*** Block opens ***

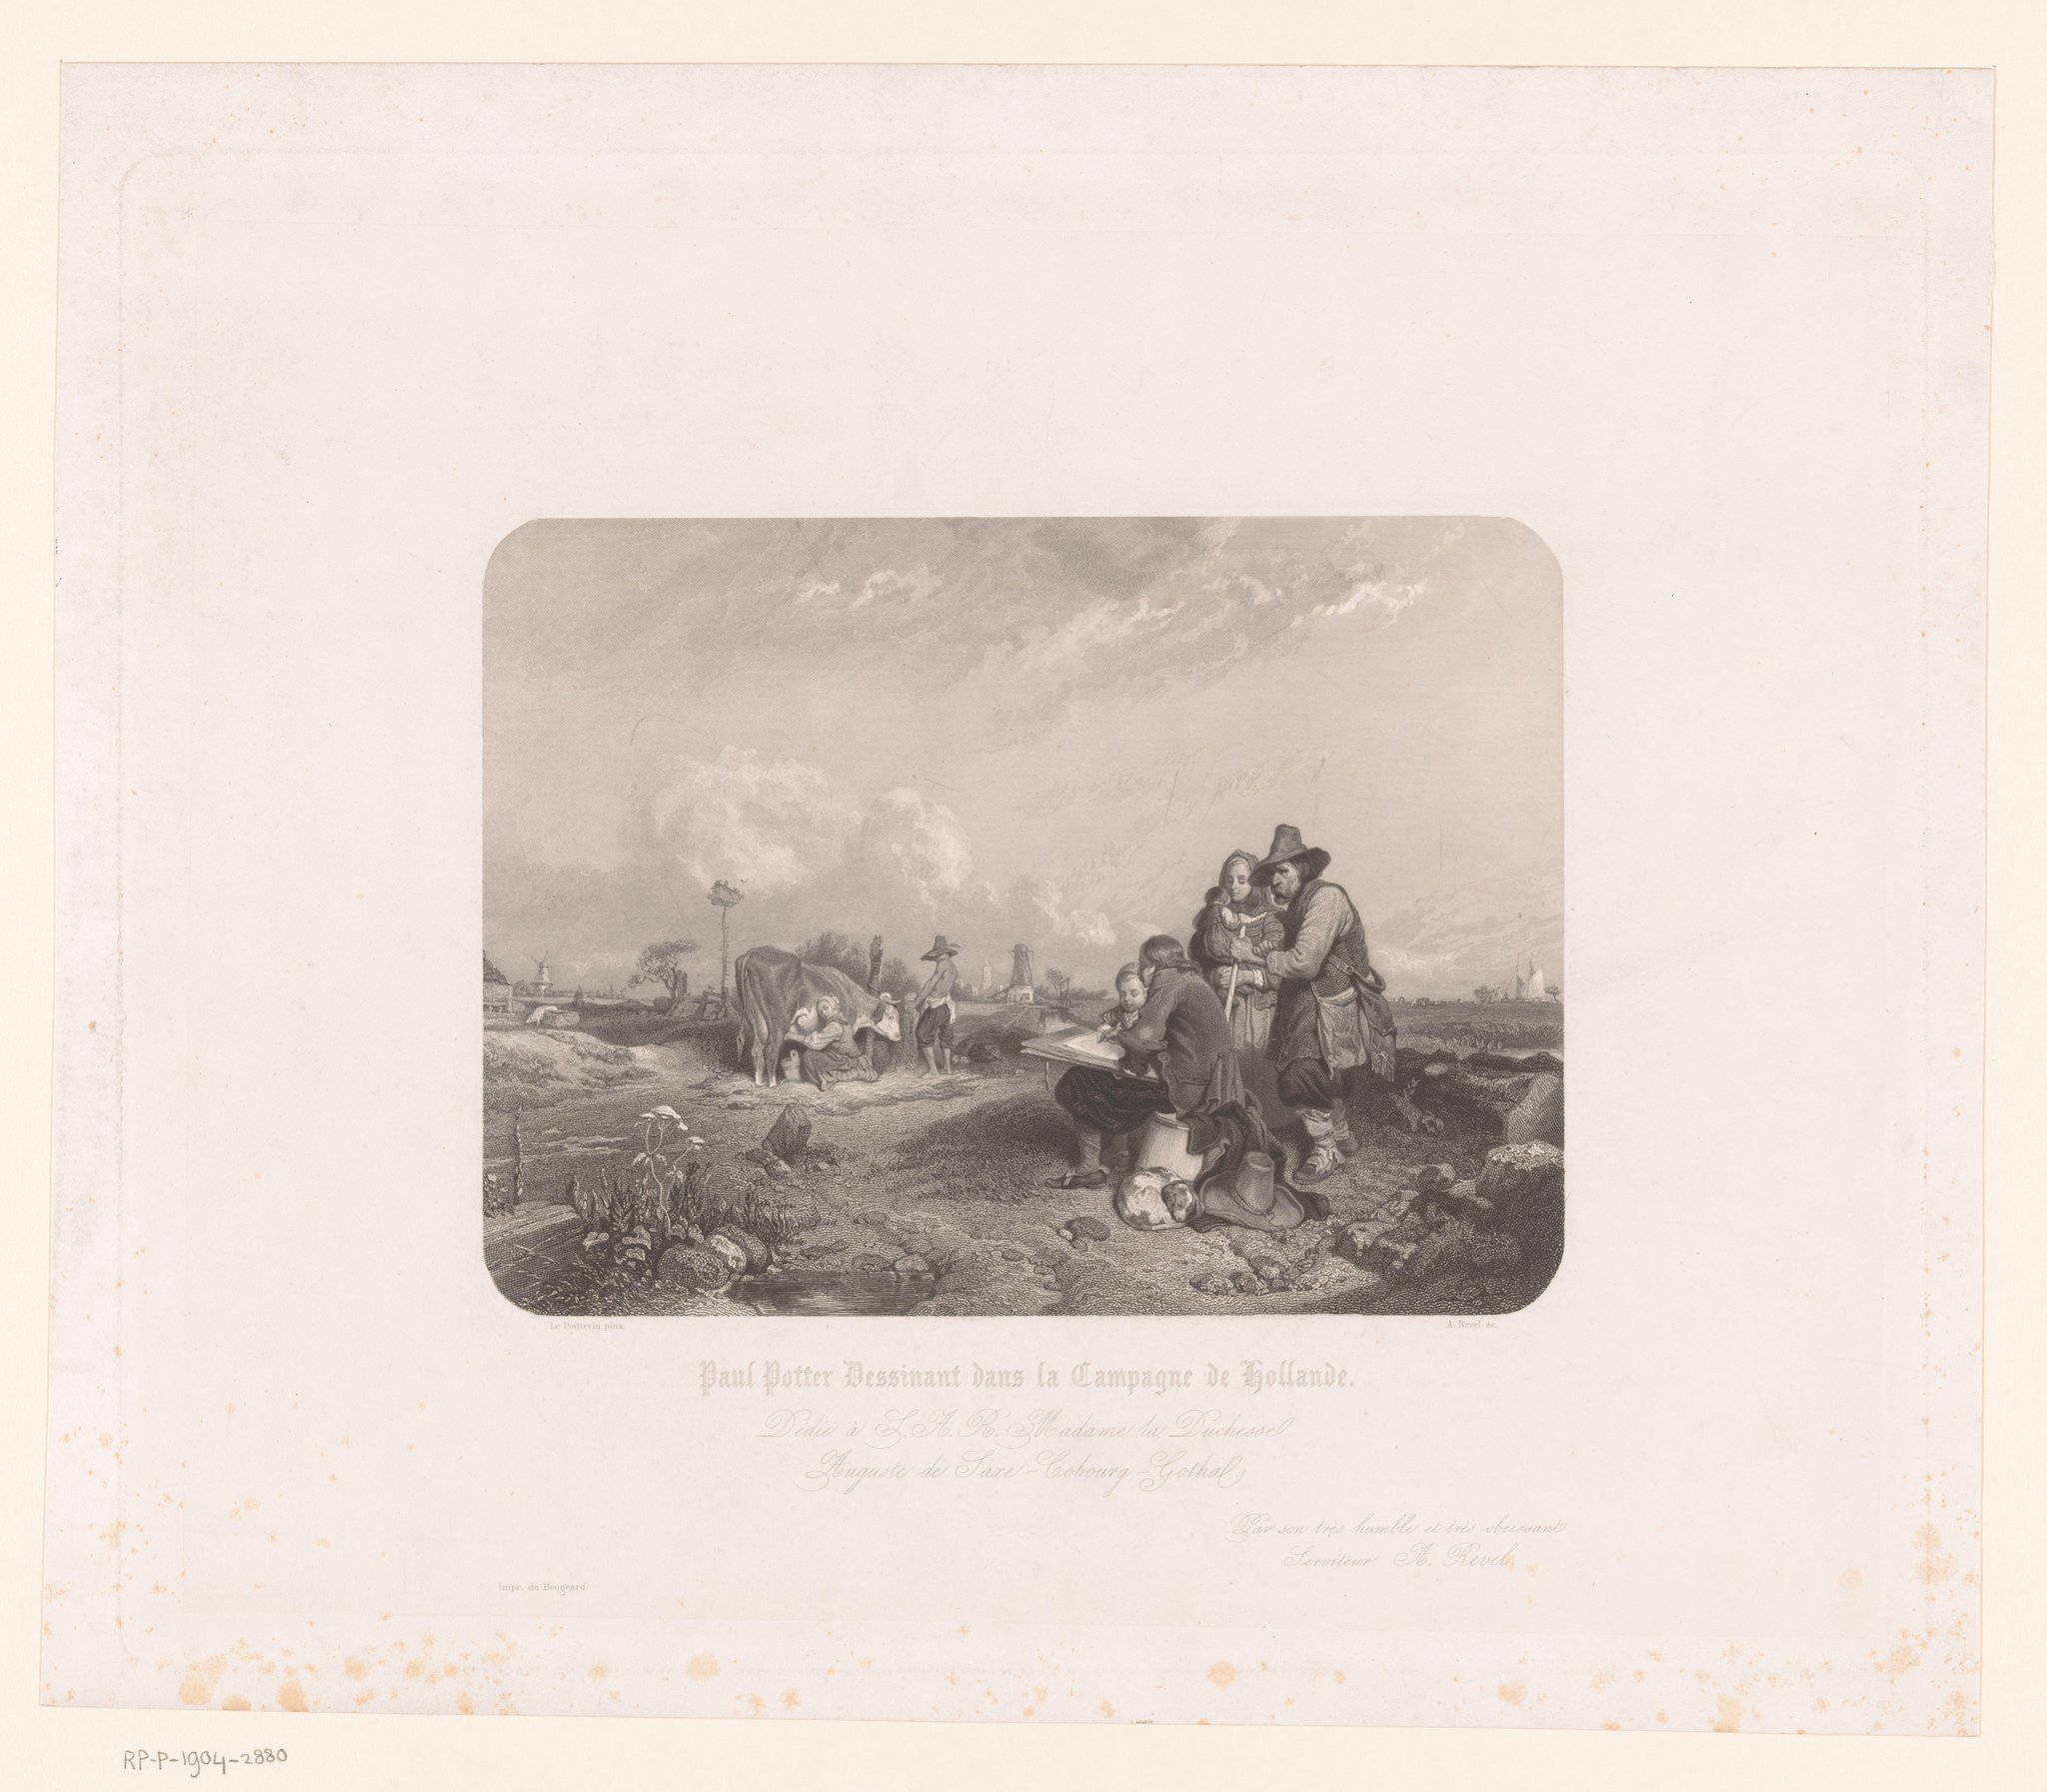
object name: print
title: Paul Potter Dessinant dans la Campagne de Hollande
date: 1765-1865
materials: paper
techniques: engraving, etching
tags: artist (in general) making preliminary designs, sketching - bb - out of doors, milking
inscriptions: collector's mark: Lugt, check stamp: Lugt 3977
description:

*** Block closes ***

#### PROBLEM STATEMENT
Exact repetition of all the records is required, with the pictures excluded.

#### REPLY
object name: print
title: Paul Potter Dessinant dans la Campagne de Hollande
date: 1765-1865
materials: paper
techniques: engraving, etching
tags: artist (in general) making preliminary designs, sketching - bb - out of doors, milking
inscriptions: collector's mark: Lugt, check stamp: Lugt 3977
description:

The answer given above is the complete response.